ウィキペディアの記事には、アルゴリズムについてのかなり良い議論があり、ローリングハッシュ関数を実装する方法についても言及されています(「部分文字列検索をシフトするためのハッシュの使用」を参照)。また、ハッシュテーブルまたはブルームフィルターを使用して実行速度を向上させる方法についても説明します。
また、最悪のケースはかなり不自然な例であることを理解する必要があります。ウィキペディアの記事に示されている例は、「10,000個の「a」の文字列に続いて1,000万個の「a」の文字列で「b」を検索する」です。
そのウィキペディアのエントリで説明されている手法を使用して、ローリングハッシュを実装できるはずです。それを実装するのに問題がある場合は、それがどのように行われるかについてより具体的な質問を残し、何を試したかを示してください。
実際のドキュメントで最悪のケースに近づいているものに遭遇する可能性はほとんどありません。最悪のケースに遭遇したとしても、ローリングハッシュは複雑さを軽減しません。ローリングハッシュを実装すると、実行時間が直線的に改善されますが、これはn*m
複雑さに圧倒されます。最悪のケースが頻繁に発生することがわかった場合は、おそらく別のアルゴリズムが必要です。
もう1つ注意すべき点はO(m*n)
、問題になる可能性はありますが、スケールを確認する必要があるということです。調べているドキュメントの大きさはどれくらいですか?あなたはあなたがソースコードファイルで働いていると言います。典型的なクラスプロジェクトを見ているなら、おそらく2,000行のコードを話しているでしょう。これらのドキュメントは、最悪のケースを示すことはありません。たとえそうn*m
だったとしても、それほど多くはないでしょう。
ただし、100個のドキュメントがあり、一方が他方と実質的に重複しているかどうかを知りたい場合は、すべてのドキュメントを他のすべてのドキュメントと照合する必要があるため、より大きな問題はO(n ^ 2)です。ドキュメント比較の数はに等しくなり(n*(n-1))/2
ます。プロセスを最適化する場合は、別のアルゴリズムが必要です。理想的には、ドキュメントの「指紋」を提供するものです。このようにして、各ドキュメントのフィンガープリントを1回計算してから、フィンガープリントの類似性を比較できます。

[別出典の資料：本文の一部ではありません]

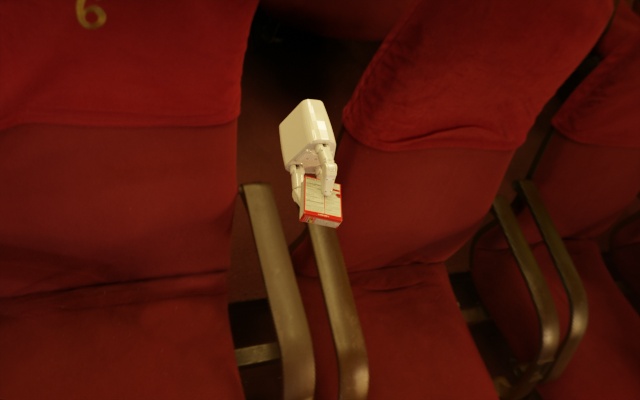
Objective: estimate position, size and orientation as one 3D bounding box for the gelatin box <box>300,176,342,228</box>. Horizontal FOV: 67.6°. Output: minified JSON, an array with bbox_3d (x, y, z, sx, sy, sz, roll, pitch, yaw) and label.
[{"bbox_3d":[0.000,0.003,0.880,0.073,0.089,0.030,12,-39,-17],"label":"gelatin box"}]
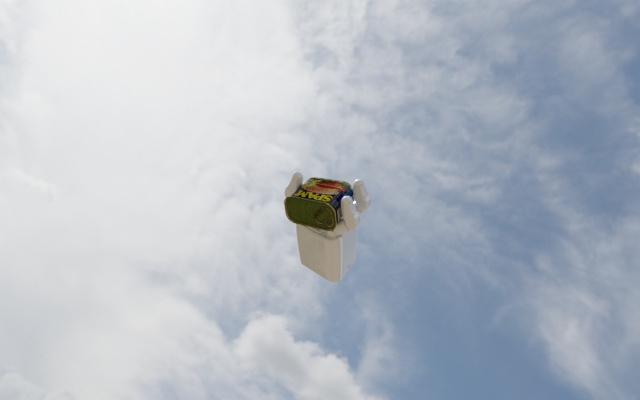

ドキュメントのフィンガープリントはよく知られている問題です。ただし、比較の目的で役立つフィンガープリントを作成するのは少し簡単ではありません。あなたはshinglingと呼ばれるテクニックを調べたいと思うでしょう。また、ドキュメントを表すために小さなブルームフィルター(256バイト程度)を使用すること、およびそれを使用して高速比較を実行する機能についての調査もいくつか見ました。
とはいえ、それぞれ1,000行または2,000行の長さの100または2つのソースコードファイルを話している場合は、優れたRabin-Carp実装を使用した単純なO(n ^ 2)比較手法でうまくいくと思います。欲しいです。しばらく時間がかかりますが(5,000の個別のドキュメント比較を行う予定です)、RKの実装の速度が制限要因になるとは思いません。